YOUR TASK — Pick out each line of the records in which the word "computer" appears.

DATA SHOWN section start

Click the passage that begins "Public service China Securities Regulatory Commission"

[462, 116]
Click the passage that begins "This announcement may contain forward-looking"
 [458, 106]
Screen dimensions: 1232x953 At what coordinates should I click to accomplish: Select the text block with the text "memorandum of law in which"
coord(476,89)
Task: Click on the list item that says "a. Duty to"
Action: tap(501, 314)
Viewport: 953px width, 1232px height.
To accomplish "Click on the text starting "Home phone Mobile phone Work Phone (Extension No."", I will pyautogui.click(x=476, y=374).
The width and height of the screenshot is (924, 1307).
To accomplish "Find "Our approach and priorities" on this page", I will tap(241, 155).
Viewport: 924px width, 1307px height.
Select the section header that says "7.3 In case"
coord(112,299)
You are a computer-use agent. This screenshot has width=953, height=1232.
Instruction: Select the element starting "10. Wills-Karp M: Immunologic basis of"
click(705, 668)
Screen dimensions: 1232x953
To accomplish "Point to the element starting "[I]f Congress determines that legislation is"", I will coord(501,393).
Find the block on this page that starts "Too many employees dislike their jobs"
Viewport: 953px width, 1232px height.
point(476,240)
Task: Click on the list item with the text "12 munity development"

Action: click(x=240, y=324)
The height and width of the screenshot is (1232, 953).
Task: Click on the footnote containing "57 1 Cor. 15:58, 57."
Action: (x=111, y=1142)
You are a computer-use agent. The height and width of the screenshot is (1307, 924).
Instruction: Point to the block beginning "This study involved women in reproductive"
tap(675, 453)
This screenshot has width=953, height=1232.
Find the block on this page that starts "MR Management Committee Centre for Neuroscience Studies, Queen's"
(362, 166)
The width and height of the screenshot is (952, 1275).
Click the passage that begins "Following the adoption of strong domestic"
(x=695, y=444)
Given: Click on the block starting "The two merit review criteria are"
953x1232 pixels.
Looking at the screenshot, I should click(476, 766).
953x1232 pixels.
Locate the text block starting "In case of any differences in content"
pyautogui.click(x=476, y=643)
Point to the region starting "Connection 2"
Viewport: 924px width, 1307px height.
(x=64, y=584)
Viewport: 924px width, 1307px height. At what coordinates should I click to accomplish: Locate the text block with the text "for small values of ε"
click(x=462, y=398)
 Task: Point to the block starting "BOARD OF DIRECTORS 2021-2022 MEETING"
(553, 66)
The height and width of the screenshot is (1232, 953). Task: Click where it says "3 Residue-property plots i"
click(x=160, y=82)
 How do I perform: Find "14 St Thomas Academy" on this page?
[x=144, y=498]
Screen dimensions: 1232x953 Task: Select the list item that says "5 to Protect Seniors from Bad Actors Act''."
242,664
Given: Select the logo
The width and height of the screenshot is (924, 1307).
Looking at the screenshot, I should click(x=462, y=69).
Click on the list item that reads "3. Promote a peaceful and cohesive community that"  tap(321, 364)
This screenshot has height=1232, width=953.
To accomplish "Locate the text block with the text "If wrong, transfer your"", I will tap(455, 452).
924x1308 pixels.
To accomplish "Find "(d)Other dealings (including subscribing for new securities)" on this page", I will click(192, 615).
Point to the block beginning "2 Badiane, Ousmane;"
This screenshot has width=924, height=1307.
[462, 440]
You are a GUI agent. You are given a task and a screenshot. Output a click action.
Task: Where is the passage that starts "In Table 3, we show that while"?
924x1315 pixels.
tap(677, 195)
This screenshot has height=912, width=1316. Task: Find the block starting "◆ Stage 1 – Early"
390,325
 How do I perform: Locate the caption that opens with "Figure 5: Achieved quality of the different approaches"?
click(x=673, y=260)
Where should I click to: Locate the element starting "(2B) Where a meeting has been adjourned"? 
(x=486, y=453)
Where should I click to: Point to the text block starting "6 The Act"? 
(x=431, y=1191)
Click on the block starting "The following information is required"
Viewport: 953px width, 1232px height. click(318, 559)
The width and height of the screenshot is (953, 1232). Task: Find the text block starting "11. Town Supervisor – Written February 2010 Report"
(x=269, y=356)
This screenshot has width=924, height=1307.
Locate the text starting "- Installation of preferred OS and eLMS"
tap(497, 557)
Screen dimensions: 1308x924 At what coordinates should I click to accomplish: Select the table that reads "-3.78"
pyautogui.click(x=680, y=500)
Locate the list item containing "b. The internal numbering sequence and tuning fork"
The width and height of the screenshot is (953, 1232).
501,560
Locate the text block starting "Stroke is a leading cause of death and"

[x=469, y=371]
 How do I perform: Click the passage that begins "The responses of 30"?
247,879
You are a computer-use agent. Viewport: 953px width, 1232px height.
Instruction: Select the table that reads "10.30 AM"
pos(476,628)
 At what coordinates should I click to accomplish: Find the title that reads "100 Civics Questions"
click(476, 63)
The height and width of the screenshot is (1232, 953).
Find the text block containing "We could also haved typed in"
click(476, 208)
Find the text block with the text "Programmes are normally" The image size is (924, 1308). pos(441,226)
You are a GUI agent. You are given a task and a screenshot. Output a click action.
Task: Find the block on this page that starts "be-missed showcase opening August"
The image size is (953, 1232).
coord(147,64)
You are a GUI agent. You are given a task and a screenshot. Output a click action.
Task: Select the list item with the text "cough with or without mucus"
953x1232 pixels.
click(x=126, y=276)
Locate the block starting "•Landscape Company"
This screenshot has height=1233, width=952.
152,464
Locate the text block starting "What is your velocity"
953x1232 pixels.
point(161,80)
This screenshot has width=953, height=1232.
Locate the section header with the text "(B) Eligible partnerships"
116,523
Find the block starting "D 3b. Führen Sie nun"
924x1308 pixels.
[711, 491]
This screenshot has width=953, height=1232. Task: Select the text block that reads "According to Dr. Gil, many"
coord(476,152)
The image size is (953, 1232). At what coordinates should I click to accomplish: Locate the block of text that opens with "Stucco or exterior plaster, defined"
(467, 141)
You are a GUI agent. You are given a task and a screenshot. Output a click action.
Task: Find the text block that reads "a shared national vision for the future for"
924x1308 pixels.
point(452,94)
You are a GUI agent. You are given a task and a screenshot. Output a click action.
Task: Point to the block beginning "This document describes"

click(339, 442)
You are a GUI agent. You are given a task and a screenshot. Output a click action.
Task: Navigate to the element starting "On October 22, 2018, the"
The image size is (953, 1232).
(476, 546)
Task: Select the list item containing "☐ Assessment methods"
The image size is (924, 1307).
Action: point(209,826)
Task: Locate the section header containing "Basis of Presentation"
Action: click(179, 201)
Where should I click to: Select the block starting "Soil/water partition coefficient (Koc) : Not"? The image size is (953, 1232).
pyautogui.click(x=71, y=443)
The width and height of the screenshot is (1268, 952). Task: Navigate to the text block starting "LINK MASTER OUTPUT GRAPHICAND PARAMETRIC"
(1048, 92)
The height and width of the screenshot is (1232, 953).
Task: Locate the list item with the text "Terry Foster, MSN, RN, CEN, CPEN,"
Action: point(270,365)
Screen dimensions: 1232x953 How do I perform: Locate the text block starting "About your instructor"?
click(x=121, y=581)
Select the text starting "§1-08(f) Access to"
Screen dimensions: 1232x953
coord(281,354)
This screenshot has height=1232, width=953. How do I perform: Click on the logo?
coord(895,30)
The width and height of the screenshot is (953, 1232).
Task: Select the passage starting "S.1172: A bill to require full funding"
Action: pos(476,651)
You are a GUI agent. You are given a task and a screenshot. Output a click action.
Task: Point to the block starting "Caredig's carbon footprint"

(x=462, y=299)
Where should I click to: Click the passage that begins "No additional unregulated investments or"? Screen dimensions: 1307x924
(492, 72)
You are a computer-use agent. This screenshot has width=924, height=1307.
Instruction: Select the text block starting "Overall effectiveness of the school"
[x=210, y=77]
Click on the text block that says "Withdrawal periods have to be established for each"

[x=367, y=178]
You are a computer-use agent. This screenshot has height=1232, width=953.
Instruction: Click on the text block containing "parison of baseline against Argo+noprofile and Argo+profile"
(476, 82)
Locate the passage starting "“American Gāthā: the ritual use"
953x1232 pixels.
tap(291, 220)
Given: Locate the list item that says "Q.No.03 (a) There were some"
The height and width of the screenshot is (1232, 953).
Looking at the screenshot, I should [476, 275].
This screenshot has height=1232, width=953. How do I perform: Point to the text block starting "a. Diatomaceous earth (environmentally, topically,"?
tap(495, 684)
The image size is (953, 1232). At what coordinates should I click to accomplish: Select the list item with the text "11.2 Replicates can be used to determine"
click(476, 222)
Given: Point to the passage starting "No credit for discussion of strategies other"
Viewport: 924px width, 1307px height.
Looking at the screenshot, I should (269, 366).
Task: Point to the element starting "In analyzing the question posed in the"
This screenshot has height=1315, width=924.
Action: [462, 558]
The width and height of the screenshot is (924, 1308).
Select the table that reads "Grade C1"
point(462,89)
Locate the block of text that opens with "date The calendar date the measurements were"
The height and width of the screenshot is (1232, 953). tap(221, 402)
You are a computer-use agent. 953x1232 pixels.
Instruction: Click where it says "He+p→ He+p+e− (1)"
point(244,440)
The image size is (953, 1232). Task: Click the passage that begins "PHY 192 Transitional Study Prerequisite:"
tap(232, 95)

DATA SHOWN section end

SOLUTION —
You are a computer-use agent. This screenshot has width=953, height=1232.
You are a computer-use agent. The height and width of the screenshot is (1307, 924).
You are a computer-use agent. Viewport: 953px width, 1232px height.
You are a computer-use agent. This screenshot has width=924, height=1307.
You are a computer-use agent. This screenshot has height=1232, width=953.
You are a computer-use agent. 953x1232 pixels.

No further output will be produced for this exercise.